Cerca de mil migrantes morreram tentando atravessar Mediterrâneo em 2019, aponta ONU

Desde 2014, mais de 15 mil pessoas perderam a vida tentando a travessia; Acnur apontou para situação perigosa em centros de acolhimento nas ilhas gregas e na Líbia

Pelo menos mil migrantes já morreram em 2019 tentando atravessar o Mar Mediterrâneo, apontou nesta terça-feira (01/10) a Organização Internacional para as Migrações (OIM) da ONU. A agência confirmou a morte de 994 pessoas e está verificando relatos de 40 vítimas fatais em um naufrágio na costa do Marrocos no último final de semana.

Em nota, o porta-voz da OIM, Leonard Doyle, disse que "durante uma onda crescente de antimigração na política de todo o mundo, esse número chocante deve-se, em certa medida, a uma atitude de hostilidade total a migrantes que fogem da violência e da pobreza".

Embora os índices ainda sejam altos, a OIM aponta uma queda no número de vítimas desde 2014. Porém, segundo a agência, os registros caíram porque menos pessoas tentam atravessar, não porque o trajeto esteja mais seguro. "Alternativas seguras são urgentemente necessárias para os migrantes que buscam uma vida melhor", afirmou o órgão. Desde 2014, mais de 15 mil pessoas perderam a vida tentando a travessia.

Ilhas gregas

Ainda nesta terça-feira, a Agência da ONU para Refugiados (Acnur) pediu que a Grécia faça a transferência de milhares de migrantes das ilhas Egeias para locais mais seguros. Segundo a agência, estes migrantes estão em "centros de recepção superlotados".
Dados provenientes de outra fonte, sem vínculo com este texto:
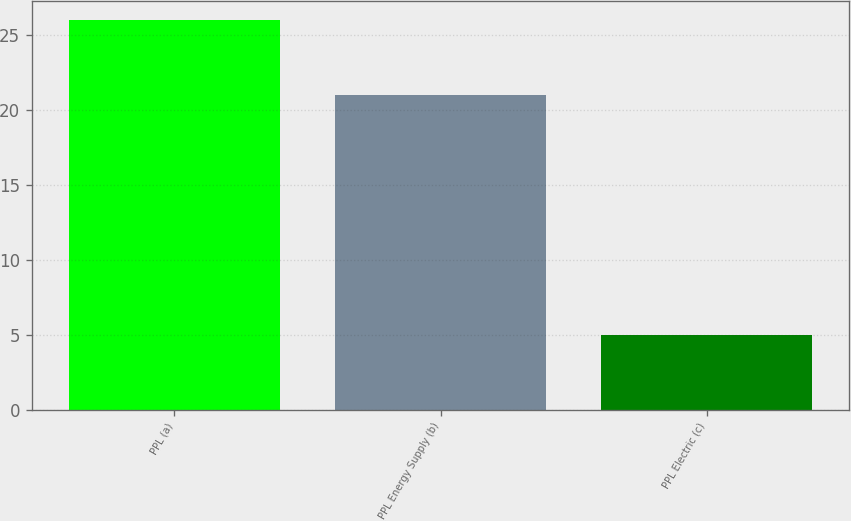Convert chart. <chart><loc_0><loc_0><loc_500><loc_500><bar_chart><fcel>PPL (a)<fcel>PPL Energy Supply (b)<fcel>PPL Electric (c)<nl><fcel>26<fcel>21<fcel>5<nl></chart>

Em setembro, as ilhas receberam 10.258 novos migrantes, especialmente de famílias afegãs e sírias. Esse é o maior número desde 2016. Nesse momento, mais de 30 mil migrantes estão vivendo nas ilhas gregas. Para a Acnur, "o apoio da União Europeia é crucial".

Em 2019, a Grécia registrou a maior parte das chegadas na região do Mediterrâneo. De um total de 77,4 mil migrantes, o país acolheu 45,6 mil pessoas, mais do que Espanha, Itália, Malta e Chipre juntos.

A situação nas ilhas de Lesbos, Samos e Kos é considerada crítica. O centro de Moria, em Lesbos, ultrapassou em cinco vezes sua capacidade. Em um assentamento informal próximo, 100 pessoas compartilham um único banheiro.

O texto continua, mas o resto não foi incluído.